I owe you a letter of more than a year standing, and I know not now but I had better allow interest to accumulate than attempt  to liquidate the debt. In fact there is so little in this country that could prove interesting to you (  I know your taste is not  Savage) that it is not without reluctance I take up my pen: and  but for our consideration I would procrastinate a little longer  —  Namely that it brings fresh my recollection the pleasant  evenings I passed with you in December and January last: and I  can now indulge the delusive idea that I am seated in your room  on Walnut Street enjoying the agreeable society it always  contained, and looking on the only Brother and Sister that  inhabit the same continent as myself. Can you imagine to yourself how agreeable such dreams are? No, ’tis impossible. We can only  know pleasure by contrast and you who have no alloy to mix with  pure happiness cannot possibly appreciate the feelings of one  whose whole life is bustle and anxiety without a companion (I  don’t mean a wife) to share it. To fancy myself transported from  fifteen hundred miles beyond the bounds of civilization, leaving  all my cares behind, and entering the most agreeable and  acceptable Society that I can imagine, produces a sensation that  it begging words to describe; just call to mind the happiest  moments of your life, then that twice told, can enable you to  form some idea of what I should feel if I could pass one evening  with you at this time, and what I now experience in writing you  notwithstanding the immense distance we are apart —

[Pg. Break] As I write volumes to Hugh you probably have a pretty good knowledge of what a person sacrifices who embarks in this  life, and yet I might say to you it is not without some enjoyment

” — this our life exempt from public haunt
“Finds tongues in trees, books in the running brooks
“Sermons in stones and good in every thing”

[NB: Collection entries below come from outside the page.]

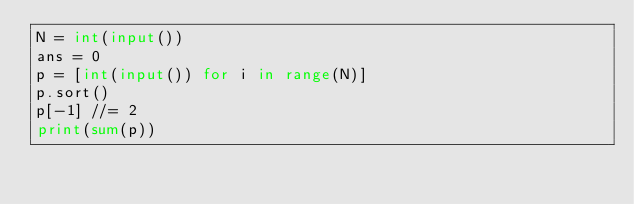<code> <loc_0><loc_0><loc_500><loc_500><_Python_>N = int(input())
ans = 0
p = [int(input()) for i in range(N)]
p.sort()
p[-1] //= 2
print(sum(p))</code> 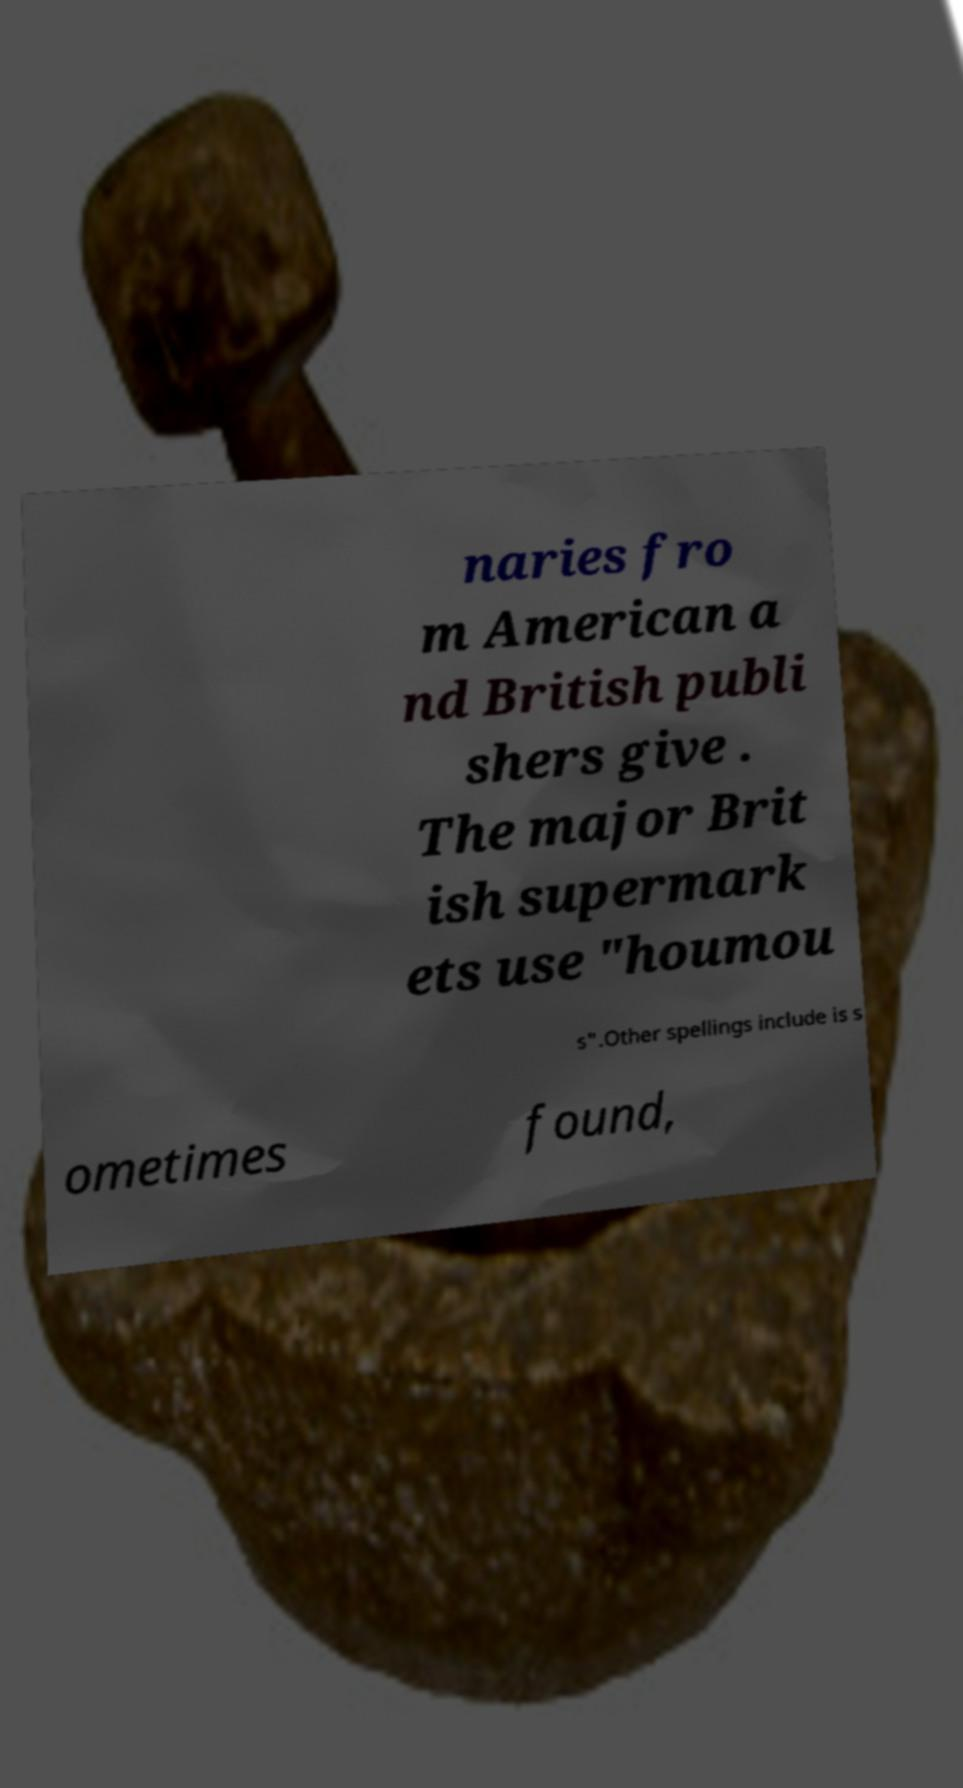Could you extract and type out the text from this image? naries fro m American a nd British publi shers give . The major Brit ish supermark ets use "houmou s".Other spellings include is s ometimes found,

Roam in what direction we may, nature in all her beauties (and  some of her deformities) meets our eye and should our solitude be interrupted, it is only by a son of nature who affords quite as  good a subject for contemplation as the scenery he contributes to diversify; and I can assure you there are times when such are my feelings that I would scarce exchange a walk in the vicinity of  Fort William with an unsophisticated Son of the Prairie that I  might haply meet,  and with whom I could only “talk by signs”,  for a promenade in Chesnut Street on a fine sunny day when all  the fashion and beauty of the city are on the move. My taste you  will say is barbarous– I confess it else I would not now be  writing you from the Mouth of the Yellow Stone

I could tell you so many excellent stories in praise of the  Indians that you would be led to admire them. And for our trust  in their character (and sorry I am to record it) for which I  cannot offer an excuse; and that is their barbarous treatment of  the ____[?] sex. Fashion it as I may I cannot palliate this  offense: to one who has not been accustomed to see our pretty  Girls in the States waited on from time to time they become  marriageable until they get a husband, and if they manage him  properly ever after, it is hard to look at the poor creatures in  this country– Youth, Beauty– I had almost said refinement but  they posses neither that nor intelligence–  nothing can exempt  them from drudgery. Even the daughter of a chief if she works to  get a husband (and they all do) must show that she is capable of  dressing Buffalo Robes–  packing wood and if occasion requires  packing a heavy burden a days march whilst the detestable men  step ahead encumbered only by their gun and bow and arrows
[Pg. Break] I have frequently had the Indians boast to me that  they were not poor for they had two, three or four wives (tell it not in Goth) who could dress Buffalo Robes to purchase what they might require. A Nabob in the Old Dominion could not speak of  his human stock with more indifference than an Indian does of his wives; nor is this all. They will dispose of their daughters for a gun or a Horse or any other article they may require without  regard to their feelings, but I must add the Lady, like a true  daughter of Eve will have her own way, and if her Father’s choice does not please her, she seldom fails to choose for herself  afterwards in which she is justified by the Customs of her Nation
I intend the first leisure to smoke several pipes of Tobacco —  (I am indebted to Knickerbacker for the plan) explaining, at  the risk of being laughed at, the difference between our  treatment of  the sex and theirs
You perceive the bad example daily set before me operates as it  ought, in producing the greatest veneration for the ladies I have the misfortune to be so far removed from. The more I see of  these Savages the more glaring appears the injustice. No danger  that like vice.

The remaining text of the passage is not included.